Torres Anna, Kozak Joanna, Korolczuk Agnieszka, Wdowiak Paulina, Domańska-Glonek Ewa, Maciejewski Ryszard, Torres Kamil
Laboratory of Biostructure, Chair of Human Anatomy, Medical University of Lublin, Jaczewskiego 4, Lublin, 20-090, Poland.
Department of Clinical Pathomorphology, Medical University of Lublin, Jaczewskiego 8a, Lublin, 20-090, Poland.
BMC Cancer. 2016 Oct 26;16(1):822. doi: 10.1186/s12885-016-2867-z.
Endometrial cancer is the most common cancer of the female reproductive tract. Based on our previous studies we speculated that miR-92a exhibited pro-oncogenic properties in endometrial cancer, and therefore its inhibition could be used as a therapeutic measure in this disease. Therefore in the present study we aimed to investigate both in vitro and in vivo if inhibition of miR-92a in endometrial cancer would limit cancer cells proliferation.
miR-92a expression was evaluated in four endometrial cancer cell lines using qPCR. Inhibition of miR-92a activity was obtained in endometrial cancer cell lines by a transient transfection of a custom designed Locked Nucleic Acid (LNA)-Inhibitor, developed to work both in vitro and in vivo. In vitro proliferation studies were performed using xCELLigence RTCA DP system. In vivo experiment was performed in Cby.Cg-Foxn1 < nu>/cmdb mice bearing endometrial cancer xenografts, which were intraperitoneally injected with nine dosages of 25 mg/kg of miR-205-LNA-inhibitor.
qPCR revealed increased expression of miR-92a in HEC-1-B, Ishikawa and AN3CA cells.

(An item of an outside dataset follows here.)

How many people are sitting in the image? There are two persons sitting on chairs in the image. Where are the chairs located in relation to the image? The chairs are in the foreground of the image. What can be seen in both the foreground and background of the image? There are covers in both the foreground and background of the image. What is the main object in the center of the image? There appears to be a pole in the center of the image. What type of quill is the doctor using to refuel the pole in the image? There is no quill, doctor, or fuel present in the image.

LNA-i-miR-92a inhibited endometrial cancer growth in vitro. It was also demonstrated that systemic administration of LNA-i-miR-92a was feasible and exerted inhibitory effect on endometrial cancer xenograft growth in vivo with only mild toxic effects in treated animals, however the effect was observed until 12 experimental day and the last three dosages did not maintain the attenuating effect with the acceleration of tumor growth observed at the end and after cessation of the intraperitoneal therapy.
Taken together, these results indicate that intraperitoneal delivery of miR-92a-LNA-modified-inhibitor is feasible, devoid of significant toxicity and moderately inhibits endometrial cancer growth in vivo, and therefore warrants further studies investigating other routes of inhibitor delivery possibly in other animal models.
子宫内膜癌是女性生殖道最常见的癌症。基于我们之前的研究,我们推测miR-92a在子宫内膜癌中具有促癌特性,因此抑制它可作为这种疾病的一种治疗措施。因此,在本研究中,我们旨在研究在体外和体内抑制子宫内膜癌中的miR-92a是否会限制癌细胞增殖。
使用qPCR评估四种子宫内膜癌细胞系中miR-92a的表达。通过瞬时转染定制设计的锁核酸(LNA)抑制剂来抑制子宫内膜癌细胞系中miR-92a的活性,该抑制剂在体外和体内均有效。使用xCELLigence RTCA DP系统进行体外增殖研究。在携带子宫内膜癌异种移植瘤的Cby.Cg-Foxn1
qPCR显示HEC-1-B、Ishikawa和AN3CA细胞中miR-92a表达增加。LNA-i-miR-92a在体外抑制子宫内膜癌生长。还证明全身给予LNA-i-miR-92a是可行的,并且对体内子宫内膜癌异种移植瘤生长具有抑制作用,对治疗的动物只有轻微毒性作用,然而该作用在实验第12天之前观察到,并且最后三剂在腹腔治疗结束和停止后随着肿瘤生长加速未维持减弱作用。
综上所述,这些结果表明腹腔递送miR-92a-LNA修饰的抑制剂是可行的,没有明显毒性,并且在体内适度抑制子宫内膜癌生长,因此有必要进一步研究在其他动物模型中可能的其他抑制剂递送途径。